Starred review from February 27, 2012
Taking its title from the German for “Himmler’s brain is called Heydrich,” Binet’s tour de force debut tells two stories: primarily that of the daring mission to assassinate Reinhard Heydrich, the prominent Nazi Protector of Bohemia and Moravia known as “The Butcher” and “The Man with the Iron Heart” (a nickname of Hitler’s creation) among other epithets. It is also, however, the metafictional tale of Binet’s struggles with shaping the story. The novel’s 257 short chapters allow for these two strands to advance and entwine in gripping and revealing ways. When Binet stamps a key scene with the progressive dates of the three weeks in 2008 that it took him to render the eight-hour standoff in 1942, for instance, it deepens an already intense scene with a sense of the author’s reluctance to dispatch characters he admires. Those men, Jan Kubis and Jozef Gabcik, “authors of one of the greatest acts of resistance in human history,” were trained in England and parachuted back into Nazi-occupied Bohemia on a mission they both knew might be suicidal. After months of planning, on May 27, 1942, they ambushed Heydrich in Prague. Weeks later they were cornered in a church basement, and Binet renders an almost unbearable account of their final hours fending off the SS. With history never in question, it is Binet’s details (such as Heydrich succumbing to an infection from having “horsehairs from the Mercedes’s seats” blasted into his spleen) and his compassion for the partisans that elevate these set pieces.
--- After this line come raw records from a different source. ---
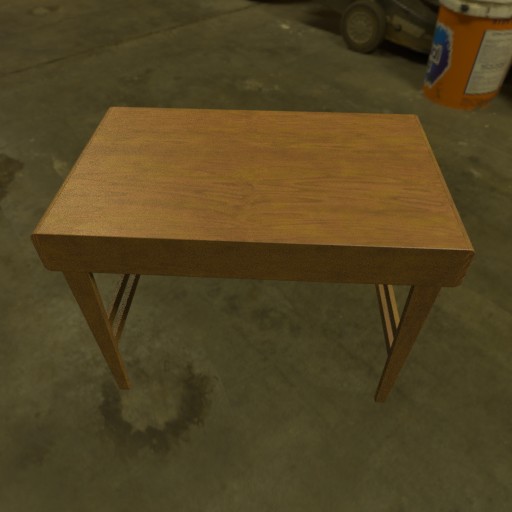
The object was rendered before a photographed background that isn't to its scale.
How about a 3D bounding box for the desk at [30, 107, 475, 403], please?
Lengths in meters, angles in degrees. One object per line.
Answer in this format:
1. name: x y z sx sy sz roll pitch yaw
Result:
1. desk: 0.000 0.000 1.549 1.066 0.754 0.660 2 45 2
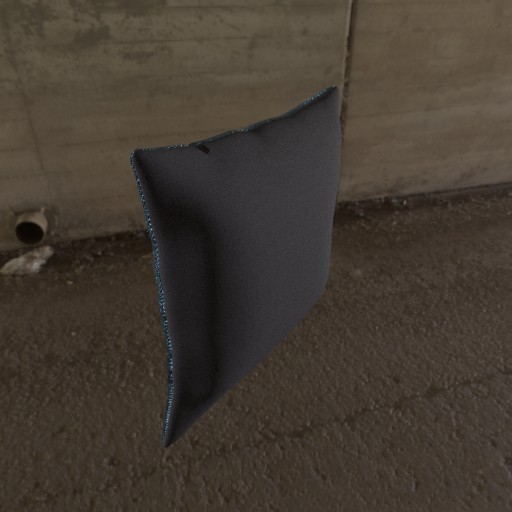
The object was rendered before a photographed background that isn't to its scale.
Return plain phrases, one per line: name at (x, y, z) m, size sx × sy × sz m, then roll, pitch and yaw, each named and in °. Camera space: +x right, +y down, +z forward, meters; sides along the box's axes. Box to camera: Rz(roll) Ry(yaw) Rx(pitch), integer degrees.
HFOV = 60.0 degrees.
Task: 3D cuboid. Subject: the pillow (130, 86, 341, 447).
pillow at (0.000, 0.000, 0.660) m, size 0.138 × 0.430 × 0.436 m, roll 21°, pitch 37°, yaw 30°
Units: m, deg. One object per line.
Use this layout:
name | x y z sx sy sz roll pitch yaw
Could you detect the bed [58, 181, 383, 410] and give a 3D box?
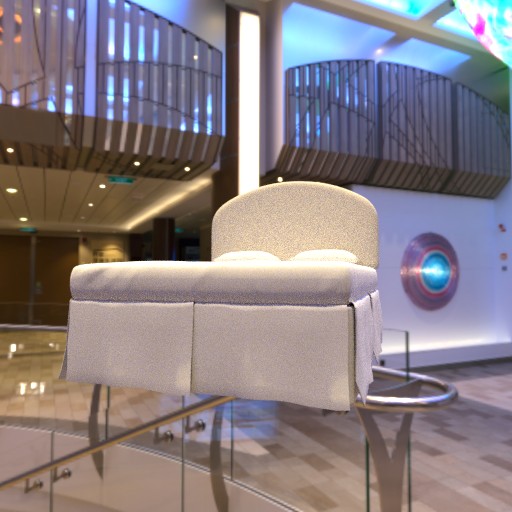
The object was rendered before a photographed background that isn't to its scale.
bed | 0.000 0.000 3.044 1.607 1.410 2.005 -1 -3 19

His thoughts on the perils of the genre are also succinct and striking; inserting invented characters into historical novels is “like planting false proof at a crime scene where the floor is already strewn with incriminating evidence.” Binet demonstrates without a doubt that a self aware, cerebral structure can be deployed in the service of a gripping historical read. A perfect fusion of action and the avante-garde that deserves a place as a great WWII novel.



Kirkus

Starred review from May 1, 2012
The evergreen allure of Nazis as the embodiment of evil is what drives this French author's soul-stirring work: a hybrid of fact and meta-fiction that won the Prix Goncourt in 2010. Picture a man being driven to work in an open-top car, taking the same route every day. He is feared and loathed by passersby, yet he has no bodyguard. This is Heydrich in Prague in 1942: the Nazi Protector of Bohemia and Moravia, supremely powerful, supremely vulnerable. He is Binet's anti-hero. His projected assassination is Binet's story, and Heydrich's would-be assassins (Gabcik the Slovak and Kubis the Czech) are Binet's heroes. "Two men have to kill a third man." Simple, no? But the narration is not. Binet's alter ego narrator is a zealous amateur historian. Like all amateurs, he makes mistakes; disarmingly, he admits them. "I've been talking rubbish," he exclaims. He retracts some of his assertions; he regrets his inadequacy as a historian. Yet in fact he does a good job of putting the assassination in a geopolitical context. He excoriates the spinelessness of the British and French governments in acceding to Hitler's takeover of Czechoslovakia. He convincingly profiles Heydrich, aka the Blond Beast and the Hangman of Prague. This monster was Himmler's deputy in the SS (the goofy title refers to the belief that he was also Himmler's brain) and the principal architect of the Final Solution. The assassination, dubbed Operation Anthropoid, was the brainchild of Benes, head of the Czech government-in-exile in London. He needed a coup to restore the morale of the Czech anti-Nazis. Gabcik and Kubis parachute in. The arrival of these modest yet extraordinary patriots is like the first hint of dawn after a pitch-black night. They are embedded with the Czech resistance while they plan tactics. The account of the assassination attempt and its nail-biting aftermath is brilliantly suspenseful. Binet deserves great kudos for retrieving this fateful, half-forgotten episode, spotlighting Nazi infamy, celebrating its resisters, and delivering the whole with panache.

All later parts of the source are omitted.